Task goal: Take the material below and output exactly the run of lines from the one containing "#7 sneaker <box>478,200,625,299</box>" down to the one containing "#20 supplement package", with both included.

The input:
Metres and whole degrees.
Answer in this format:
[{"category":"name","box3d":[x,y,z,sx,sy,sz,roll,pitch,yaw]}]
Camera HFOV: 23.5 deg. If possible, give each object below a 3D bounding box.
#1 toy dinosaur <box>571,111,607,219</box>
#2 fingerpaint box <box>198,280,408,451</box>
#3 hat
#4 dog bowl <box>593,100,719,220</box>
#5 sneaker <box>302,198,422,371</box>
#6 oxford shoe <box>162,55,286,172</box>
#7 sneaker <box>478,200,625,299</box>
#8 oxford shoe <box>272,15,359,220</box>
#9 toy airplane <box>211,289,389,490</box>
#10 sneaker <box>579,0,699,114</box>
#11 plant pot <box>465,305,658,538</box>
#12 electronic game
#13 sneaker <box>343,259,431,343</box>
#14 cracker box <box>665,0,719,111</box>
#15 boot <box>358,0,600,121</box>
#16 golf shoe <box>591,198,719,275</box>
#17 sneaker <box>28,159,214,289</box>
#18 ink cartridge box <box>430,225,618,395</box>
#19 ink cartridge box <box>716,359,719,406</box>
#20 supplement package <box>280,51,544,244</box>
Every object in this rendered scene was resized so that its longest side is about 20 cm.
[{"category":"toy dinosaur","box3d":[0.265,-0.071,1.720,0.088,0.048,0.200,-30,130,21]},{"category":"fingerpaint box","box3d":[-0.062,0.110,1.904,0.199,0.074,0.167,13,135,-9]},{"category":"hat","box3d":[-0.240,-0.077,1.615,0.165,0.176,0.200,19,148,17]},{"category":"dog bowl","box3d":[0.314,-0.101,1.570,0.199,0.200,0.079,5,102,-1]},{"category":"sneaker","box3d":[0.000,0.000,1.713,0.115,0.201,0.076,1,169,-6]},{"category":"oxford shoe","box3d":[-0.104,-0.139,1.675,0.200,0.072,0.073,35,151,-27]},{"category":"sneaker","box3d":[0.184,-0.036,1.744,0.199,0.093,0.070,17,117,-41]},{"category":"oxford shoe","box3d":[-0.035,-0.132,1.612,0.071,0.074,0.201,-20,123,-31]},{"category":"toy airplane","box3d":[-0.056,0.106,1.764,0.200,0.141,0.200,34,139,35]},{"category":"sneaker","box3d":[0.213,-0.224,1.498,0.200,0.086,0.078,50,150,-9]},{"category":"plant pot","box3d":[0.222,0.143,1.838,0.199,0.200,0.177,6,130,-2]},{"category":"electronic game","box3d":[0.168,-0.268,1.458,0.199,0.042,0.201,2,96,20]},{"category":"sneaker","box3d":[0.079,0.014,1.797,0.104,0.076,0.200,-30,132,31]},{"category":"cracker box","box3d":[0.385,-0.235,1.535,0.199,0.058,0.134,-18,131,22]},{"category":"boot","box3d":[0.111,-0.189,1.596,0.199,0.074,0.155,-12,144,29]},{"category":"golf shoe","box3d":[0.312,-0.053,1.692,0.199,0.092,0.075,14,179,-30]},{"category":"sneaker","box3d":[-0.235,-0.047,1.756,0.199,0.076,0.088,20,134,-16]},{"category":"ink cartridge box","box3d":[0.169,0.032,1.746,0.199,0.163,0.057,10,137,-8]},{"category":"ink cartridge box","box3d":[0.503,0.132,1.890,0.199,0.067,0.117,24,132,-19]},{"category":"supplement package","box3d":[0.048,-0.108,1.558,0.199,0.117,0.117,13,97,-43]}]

Reply:
#7 sneaker <box>478,200,625,299</box>
#8 oxford shoe <box>272,15,359,220</box>
#9 toy airplane <box>211,289,389,490</box>
#10 sneaker <box>579,0,699,114</box>
#11 plant pot <box>465,305,658,538</box>
#12 electronic game
#13 sneaker <box>343,259,431,343</box>
#14 cracker box <box>665,0,719,111</box>
#15 boot <box>358,0,600,121</box>
#16 golf shoe <box>591,198,719,275</box>
#17 sneaker <box>28,159,214,289</box>
#18 ink cartridge box <box>430,225,618,395</box>
#19 ink cartridge box <box>716,359,719,406</box>
#20 supplement package <box>280,51,544,244</box>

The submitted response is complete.